Conventional internal combustion engines may be equipped with a particulate filter, which is located in an exhaust pipe of the engine to retain and remove soot from the exhaust gas. During the normal operation of the engine, an electronic control unit (ECU) is generally provided for estimating an overall quantity of soot which is stored into the particulate filter and for activating a regeneration of the particulate filter, when the overall quantity of soot exceeds a maximum allowable amount thereof. The regeneration is generally achieved by operating the internal combustion engine in such a way to increase the temperature of the particulate filter up to a value that triggers the combustion of the accumulated soot.

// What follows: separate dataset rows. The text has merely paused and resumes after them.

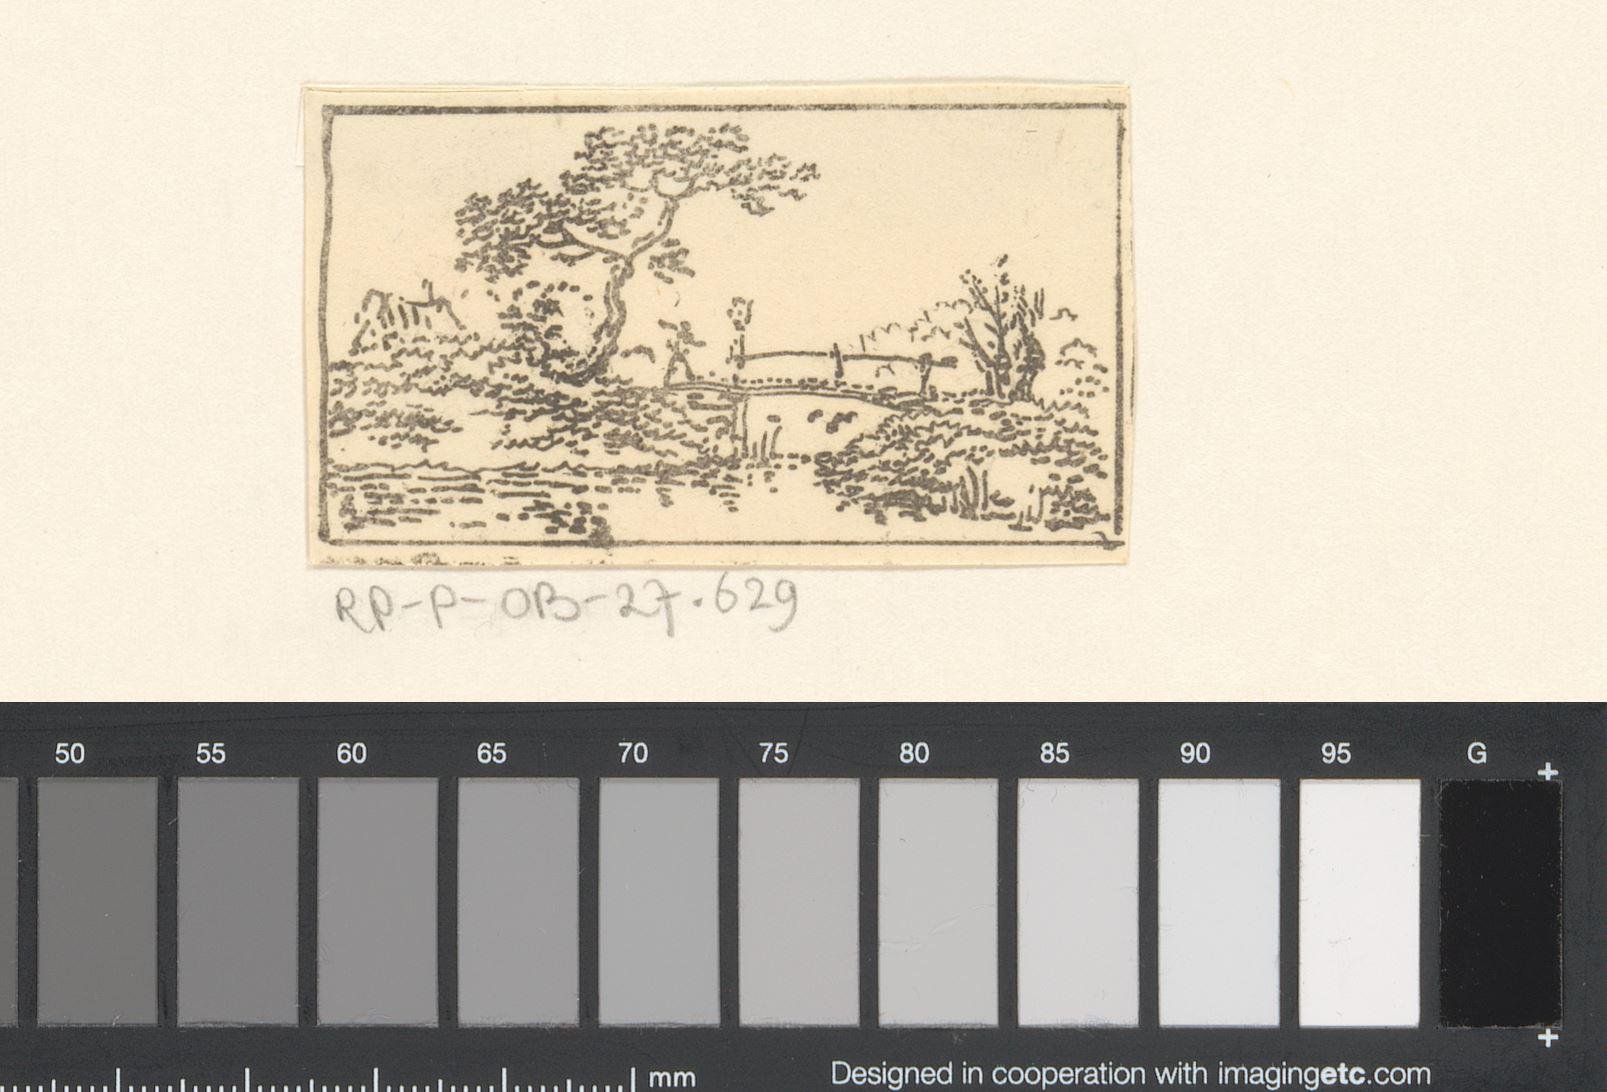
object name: print
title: Landschap met figuur op brug
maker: pieter bartholomeusz. barbiers
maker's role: draughtsman, print maker
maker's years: 1772-1837
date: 1815-1837
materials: paper
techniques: lithograph
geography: netherlands
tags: landscape with bridge, viaduct or aqueduct
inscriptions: collector's mark: Lugt 2228
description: Links een huis en grote boom. In het midden een rivier met daarover een brug. Links loopt een figuur de brug op.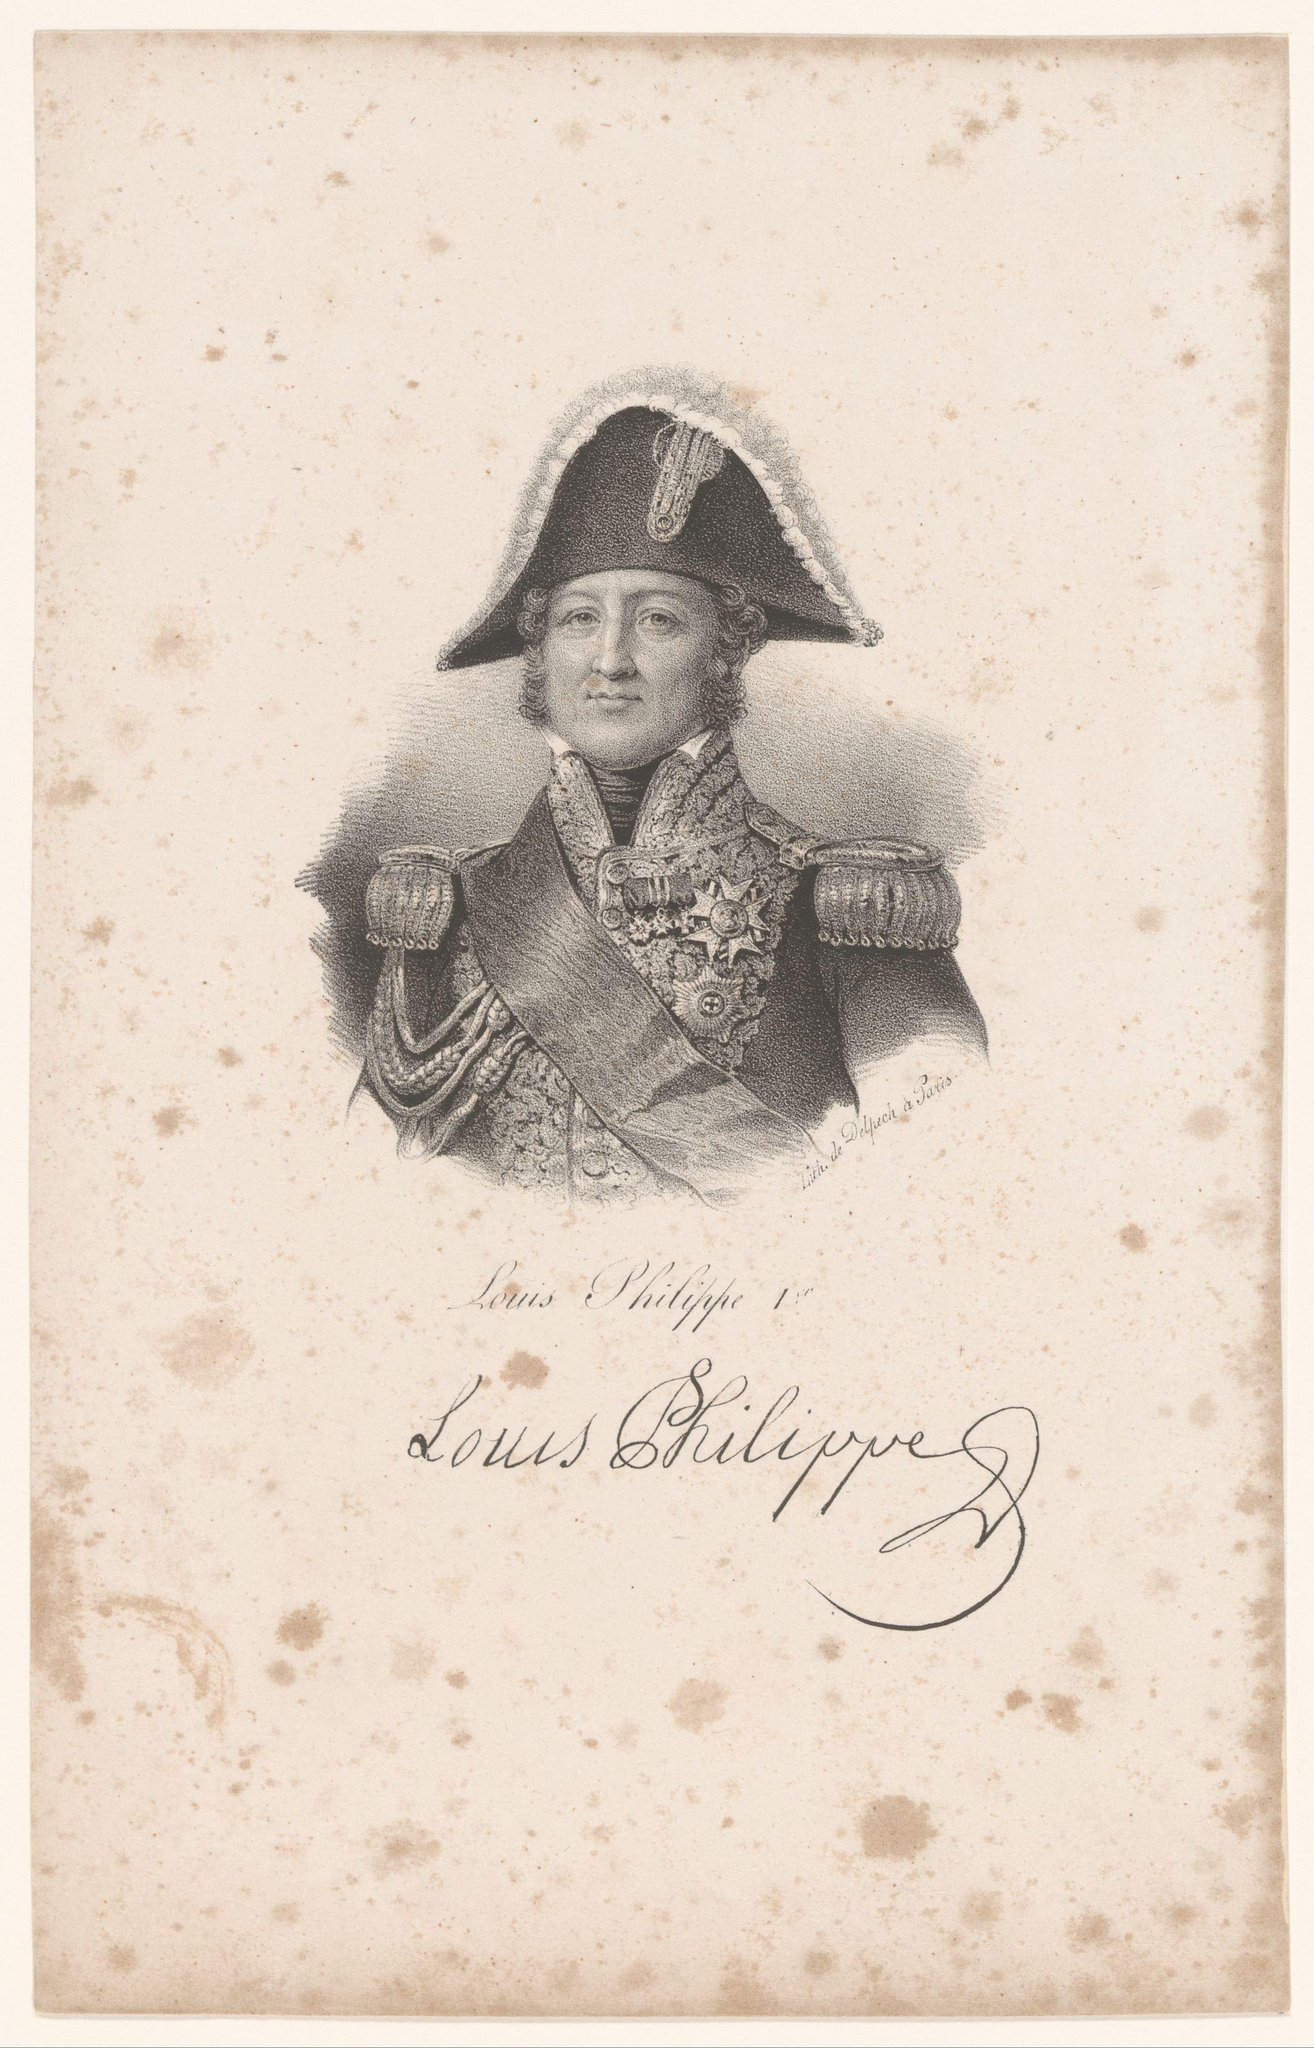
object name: print
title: Louis Philippe 1er
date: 1818-1842
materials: paper
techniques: lithograph
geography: paris
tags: lodewijk filips i (koning van frankrijk), historical persons
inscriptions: collector's mark: Lugt 2228a

To estimate the overall quantity of soot stored into the particulate filter, the ECU needs to know the residual quantity of soot that was still present into the particulate filter at the end of last regeneration. This residual quantity of soot may be determined by the ECU in several different ways, one of which provides for determining, during the regeneration, the temperature and the mass flow rate of the exhaust gas at the inlet of the particulate filter. These parameters are then used as input of a calibration model that provides as output an estimation of a temperature inside the particulate filter. The estimated temperature is finally used to estimate the residual quantity of soot. However, the temperature estimation provided by the calibration model may be affected by a margin of error which is not always negligible, with the consequence that sometimes the estimation of the residual soot quantity and the correlated estimation of the overall soot quantity are not completely reliable.
To compensate for this unreliability, the maximum allowable level of soot that triggers the regeneration of the particulate filter must be maintained relatively small, thereby avoiding uncontrollable burning of soot but also increasing the number of regenerations and thus the fuel consumption and oil dilution.